Aus der monatlichen Bremen Bülteni winkt der pädagogische Zaunpfahl: Ein gemeinsames Land braucht eine gemeinsame Sprache, schrieb der Bürgermeister der Erstausgabe ins Stammbuch

Der Redakteur: „Machen Sie das mal: Texte anpassen, ohne ein Wort zu verstehen“

Es sollte ja nie ein türkischer Weser Report werden, das gestern erstmals erschienene Bremen Bülteni. Nur das Verlagshaus KPS an der Contrescarpe und der Chefredakteur Axel Schuller sind beim türkischsprachigen Monatsblatt identisch. Die Inhalte – wie auch Konzept und Anzeigeneinnahmen – gehen auseinander. Wo im Weser Report das Anzeigenumfeld Wellness groß ausfällt, Bundestrainer Völler auf ein frühes Tor hofft und die LeserInnen erfahren, dass die Bremer Kicker Wehlage und Baumann wieder fit sind, führt bei Bülteni der Gröpelinger Verein Vatanspor das integrationspädagogische Wort, das zuvor schon Bürgermeister Henning Scherf auf Seite drei eröffnet hat. „Ein gemeinsames Land muss eine gemeinsame Sprache haben“, übersetzt die Gemüsehändlerin am Dobben die Worte des Bürgermeisters und nickt. „Da hat er Recht“ – wie die Kicker von Vatansport. Aus acht Ländern sprechen sie mit ihrem iranischstämmigen Trainer – und untereinander – nur deutsch. Dann finden die Ladenbesitzerin und ihr mazedonischer Angestellter endlich etwas zum Lachen: Den Kalauer von den bremischen Stadtteilen „Vorstadt, Neustadt und Karstadt“ – zum 100. Kaufhaus-Jubiläum.

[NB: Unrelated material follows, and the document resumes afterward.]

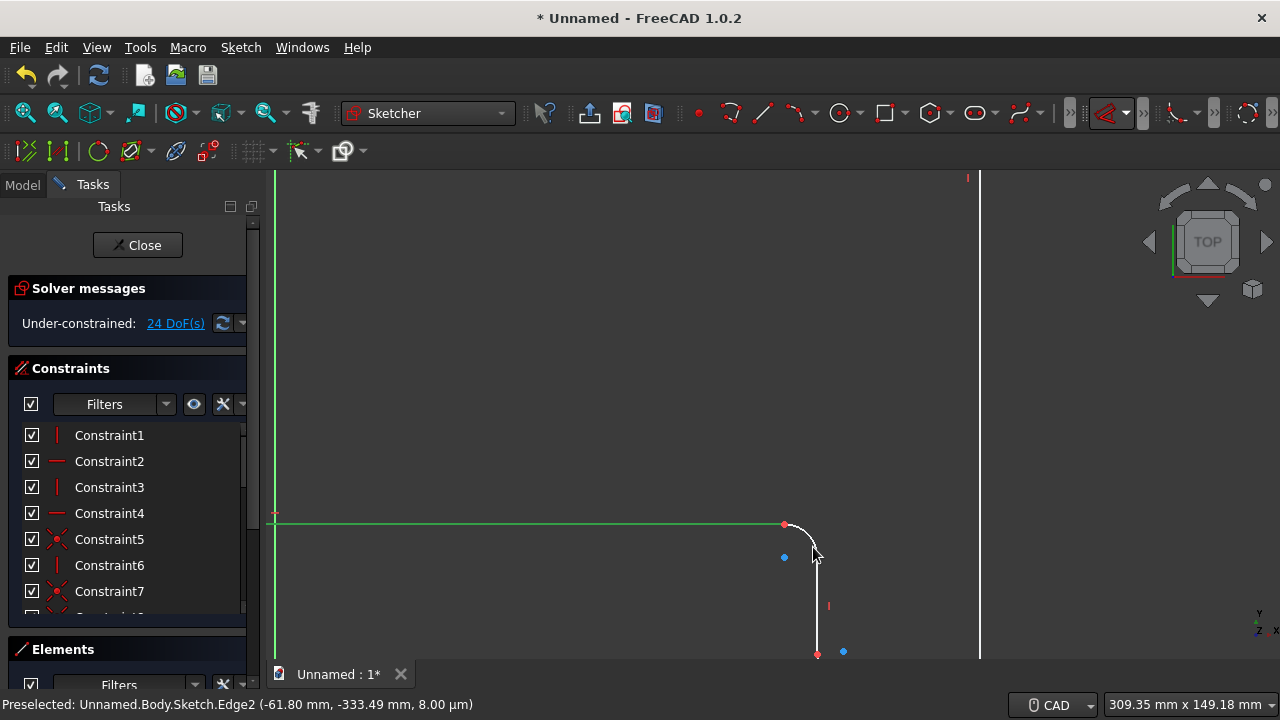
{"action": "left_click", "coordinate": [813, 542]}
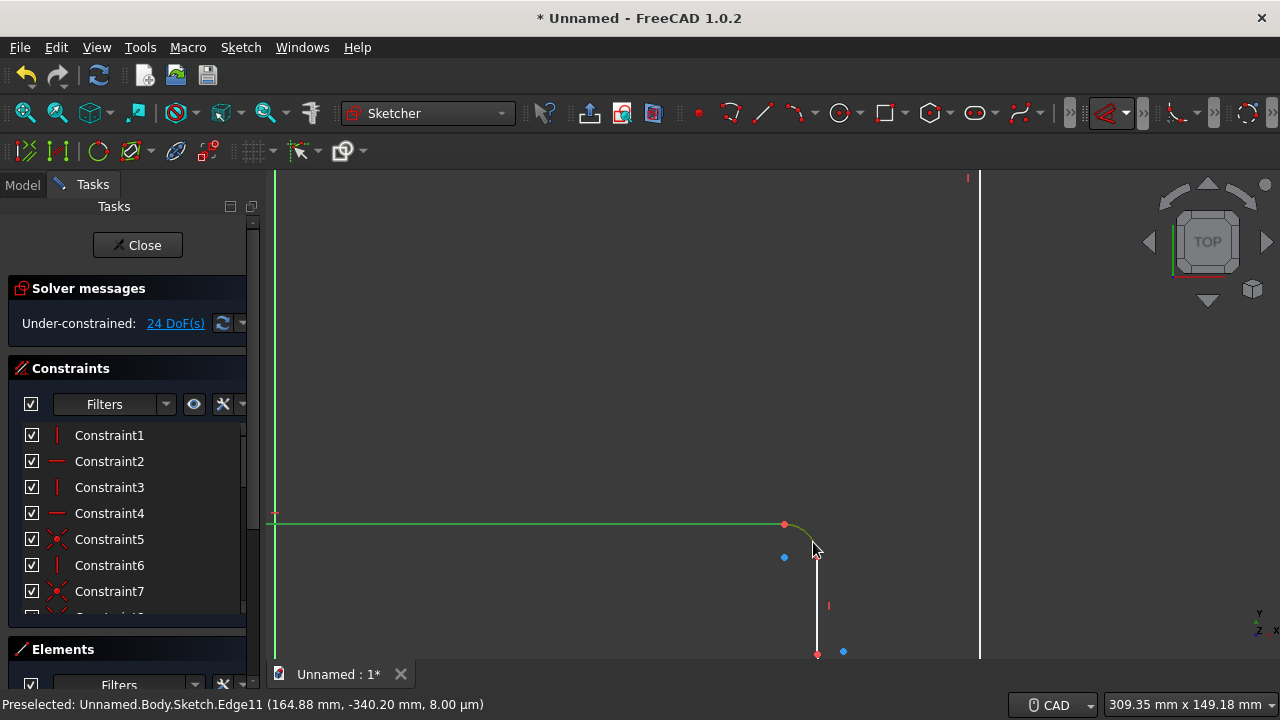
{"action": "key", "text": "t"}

Kurzum: Wo die Erstausgabe des Bülteni gestern nachmittag schon ausgeliefert war, kam es gut an. „Ist doch umsonst“, sind die meisten anspruchslos.

„Für meinen Vater ist das Lesen auf deutsch schwierig“, schiebt der akzentfreie Sohn dem Senior das neue Blatt hin. Vater ist begeistert. Lief doch eben erst auf Radio Bremen ein witziges Interview zum selben Thema – und jetzt sieht der Hürriyet-Leser im Bülteni das Foto von Cevahir Cansever. Sie gehört nicht nur dem achtköpfigen Beirat des Blattes an, das der Redaktion, bestehend aus Axel Schuller und Heinrich-Peter Berndt, als Ideengeber beistehen soll. Vielmehr stammt sie aus seinem Heimatort in der Türkei – und kauft ihr Brot immer bei ihm in der Gastfeldstraße.

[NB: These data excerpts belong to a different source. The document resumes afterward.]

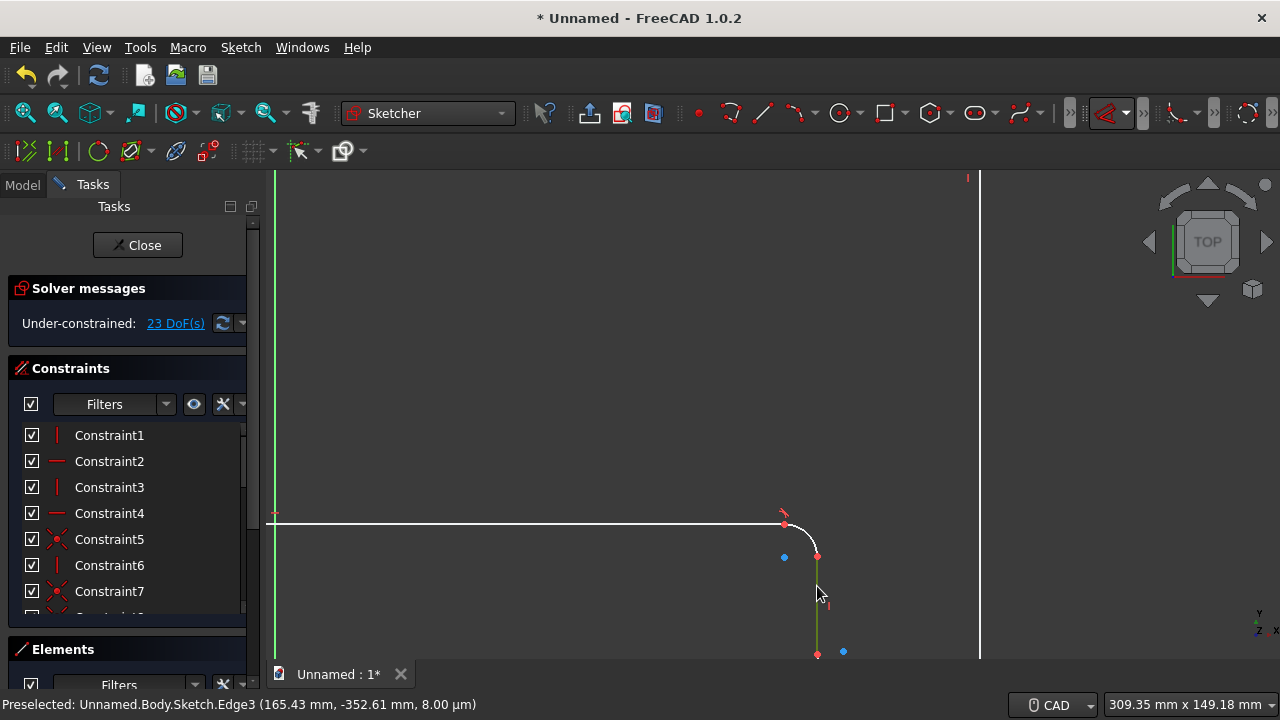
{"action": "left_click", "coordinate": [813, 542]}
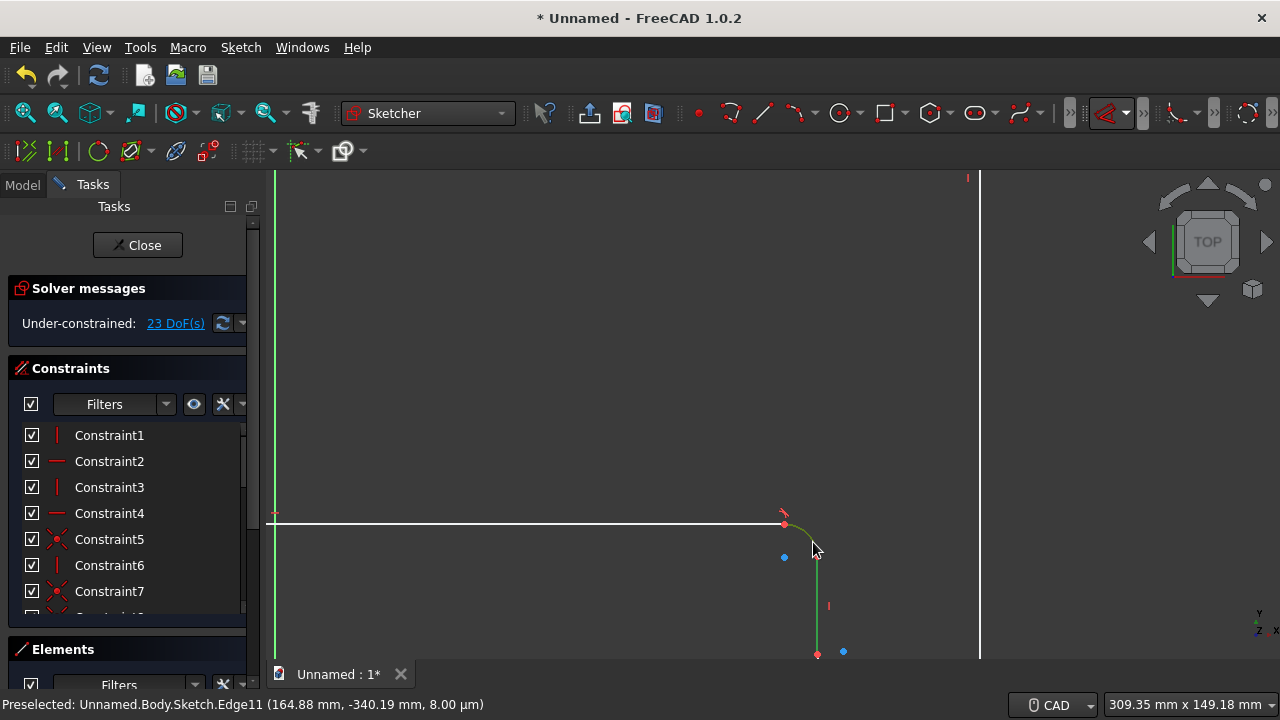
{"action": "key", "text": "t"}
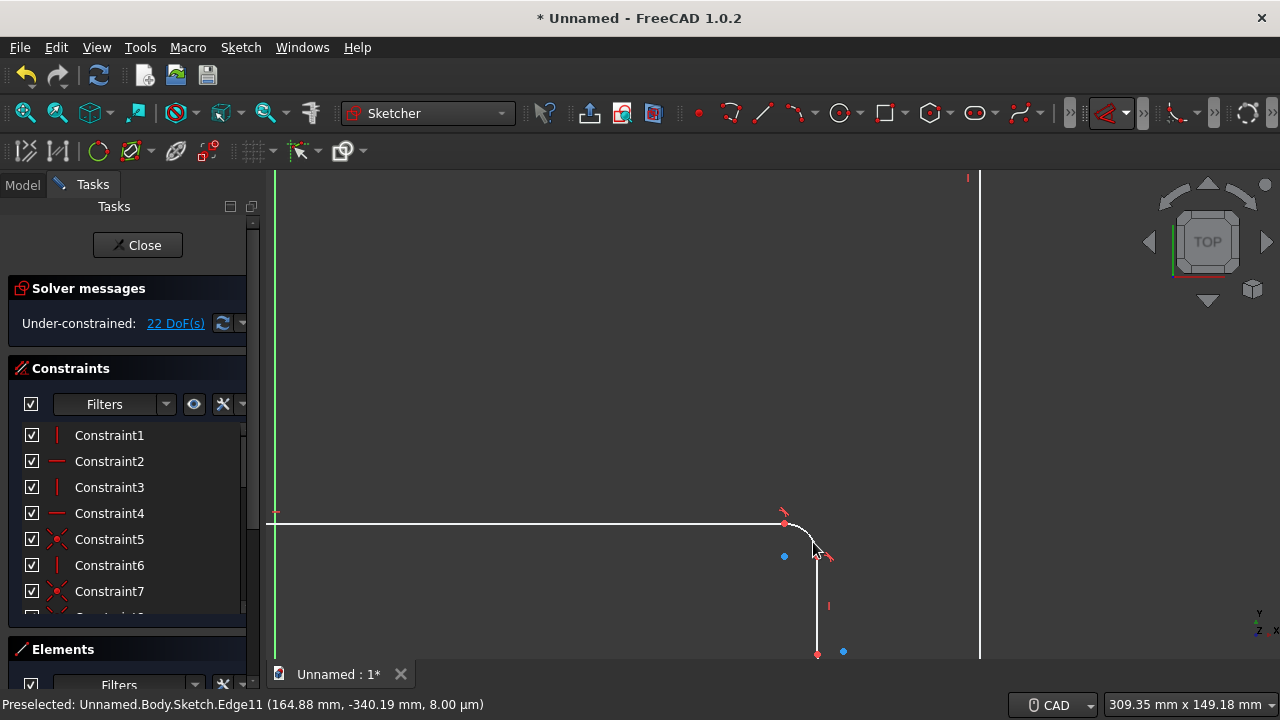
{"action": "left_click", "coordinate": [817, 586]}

„Führerscheinabzocke“, das stimmt, nickt später der Kurde im Ostertorsteinweg zum Aufmacher auf Seite eins. „Ich kenne einen Jungen, der hat jetzt Angst. Vier Mal durchgefallen.“ Dass es am Fahrstil des Führerscheinaspiranten läge, glaubt er nicht. Da ist sie wieder, die deutsche Sprache – diesmal als Integrationshindernis mit sogar teuren Folgen.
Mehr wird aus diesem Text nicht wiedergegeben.